WHAT TO DO:
Omit the images and retype the records verbatim.

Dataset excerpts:
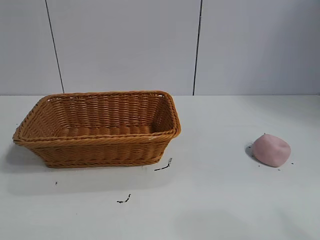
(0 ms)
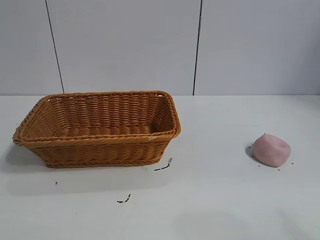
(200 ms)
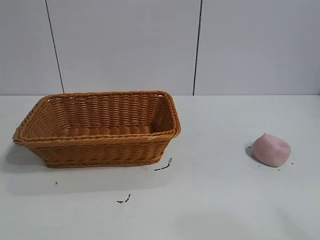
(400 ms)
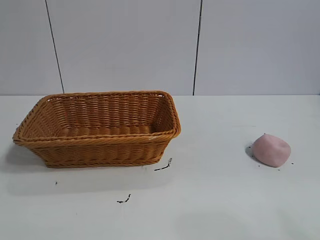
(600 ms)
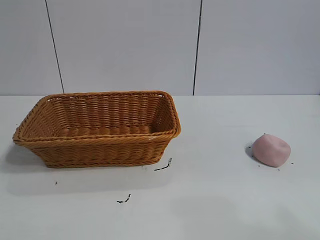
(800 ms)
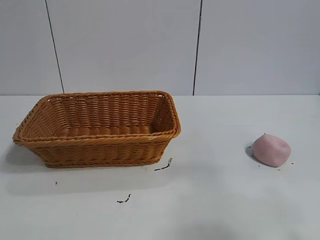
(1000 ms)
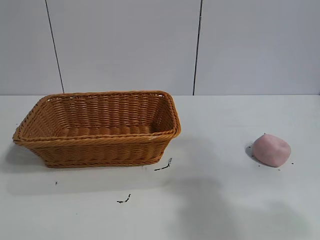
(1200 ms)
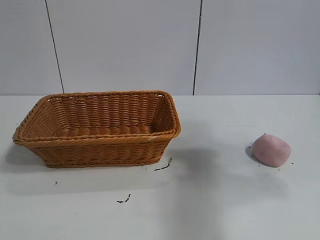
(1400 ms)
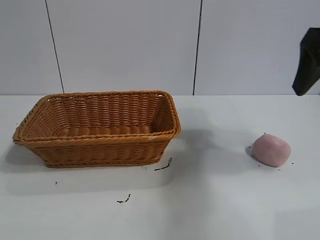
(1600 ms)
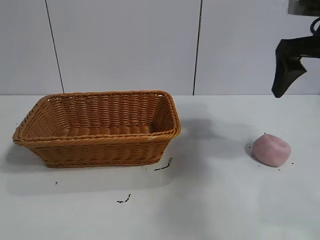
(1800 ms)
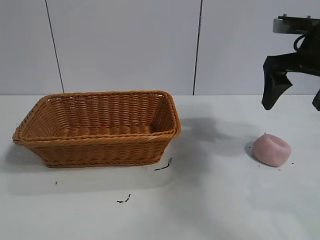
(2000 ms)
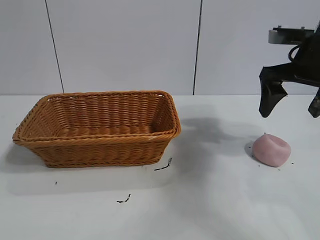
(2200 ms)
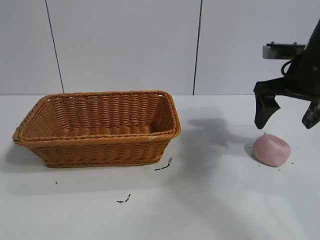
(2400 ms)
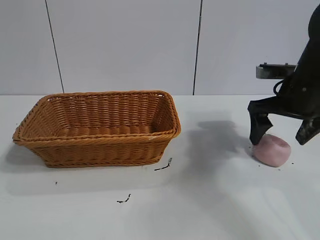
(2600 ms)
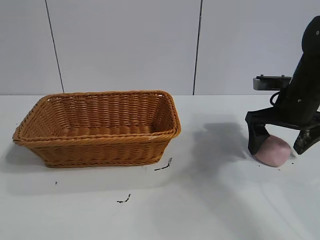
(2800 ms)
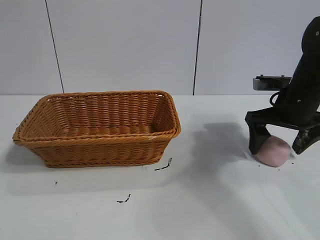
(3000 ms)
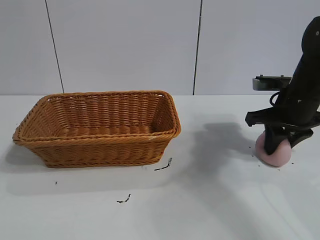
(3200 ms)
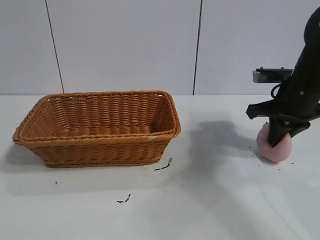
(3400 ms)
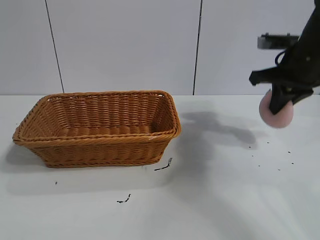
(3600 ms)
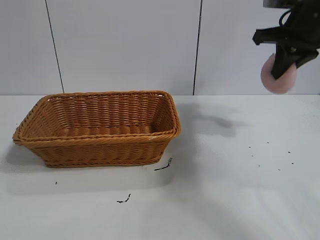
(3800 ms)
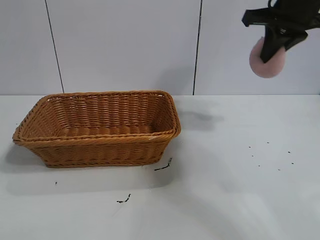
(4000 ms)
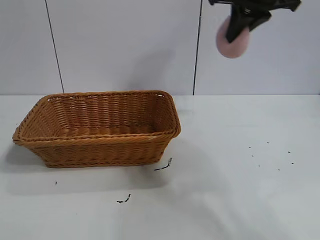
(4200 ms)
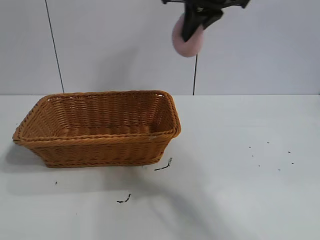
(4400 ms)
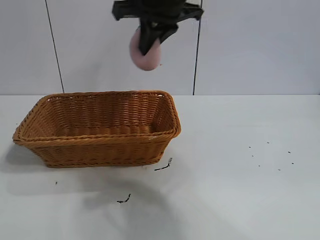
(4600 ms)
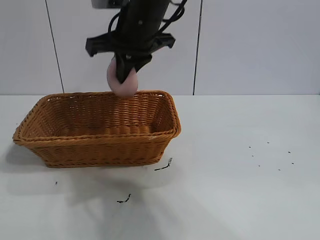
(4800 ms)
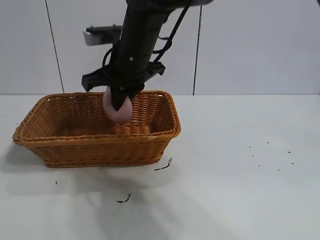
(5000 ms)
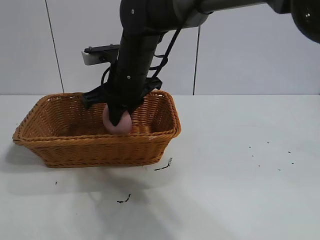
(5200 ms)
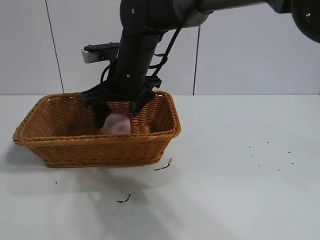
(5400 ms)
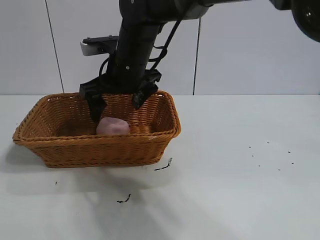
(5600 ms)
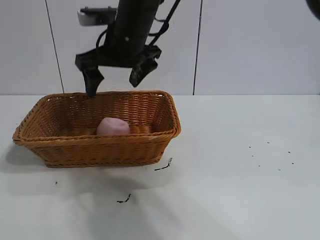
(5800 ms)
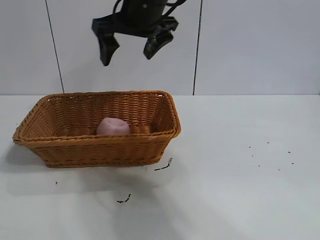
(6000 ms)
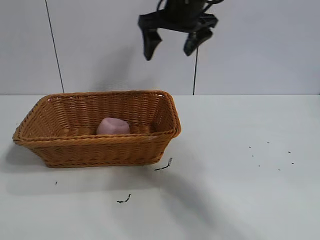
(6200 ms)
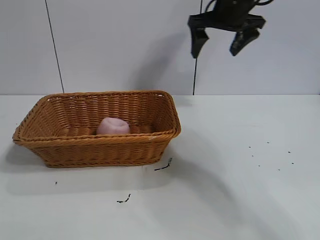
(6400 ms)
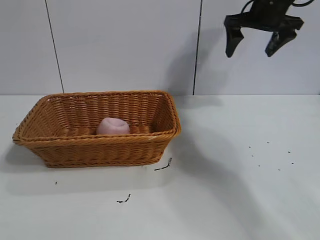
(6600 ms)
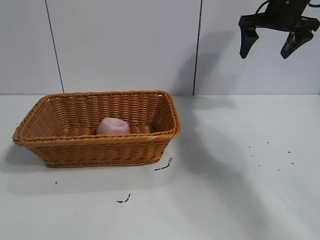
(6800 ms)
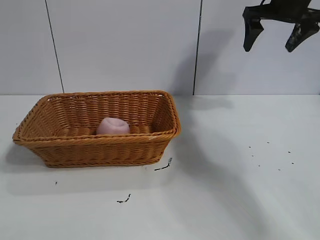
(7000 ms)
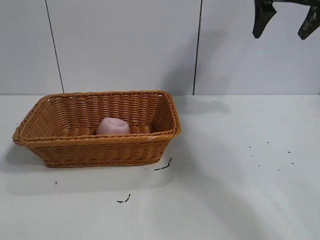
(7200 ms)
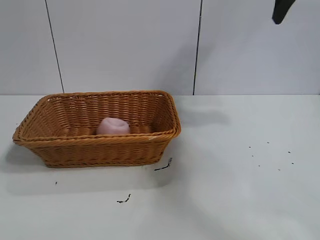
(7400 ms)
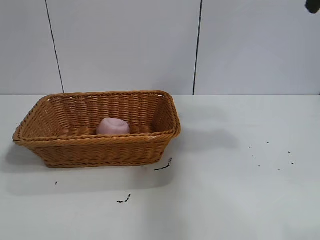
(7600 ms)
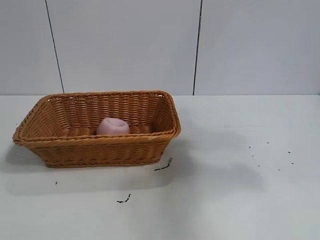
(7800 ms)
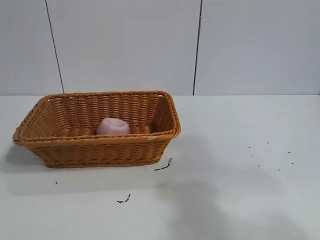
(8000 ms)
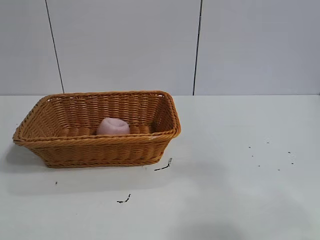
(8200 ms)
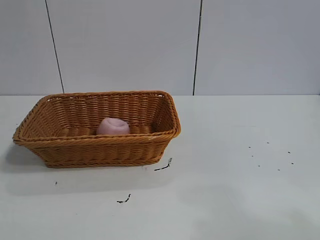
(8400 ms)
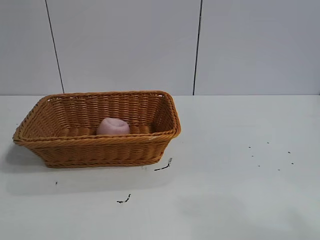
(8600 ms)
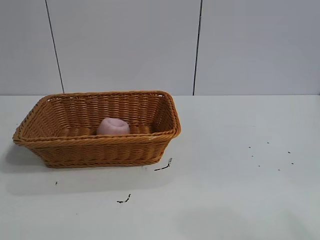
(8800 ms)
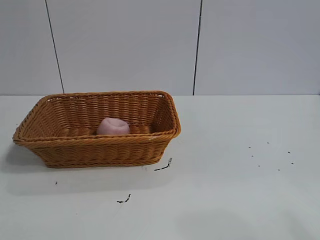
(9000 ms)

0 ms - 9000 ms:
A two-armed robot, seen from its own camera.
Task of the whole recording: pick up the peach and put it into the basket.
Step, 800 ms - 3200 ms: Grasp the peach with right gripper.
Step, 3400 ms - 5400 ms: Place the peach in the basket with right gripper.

RESPONSE TO THIS TASK:
(0 ms)
(200 ms)
(400 ms)
(600 ms)
(800 ms)
(1000 ms)
(1200 ms)
(1400 ms)
(1600 ms)
(1800 ms)
(2000 ms)
(2200 ms)
(2400 ms)
(2600 ms)
(2800 ms)
(3000 ms)
(3200 ms)
(3400 ms)
(3600 ms)
(3800 ms)
(4000 ms)
(4200 ms)
(4400 ms)
(4600 ms)
(4800 ms)
(5000 ms)
(5200 ms)
(5400 ms)
(5600 ms)
(5800 ms)
(6000 ms)
(6200 ms)
(6400 ms)
(6600 ms)
(6800 ms)
(7000 ms)
(7200 ms)
(7400 ms)
(7600 ms)
(7800 ms)
(8000 ms)
(8200 ms)
(8400 ms)
(8600 ms)
(8800 ms)
(9000 ms)

0 ms - 9000 ms:
A two-armed robot, seen from its own camera.
Task of the whole recording: pick up the peach and put it into the basket.
Step, 800 ms - 3200 ms: Grasp the peach with right gripper.
Step, 3400 ms - 5400 ms: Place the peach in the basket with right gripper.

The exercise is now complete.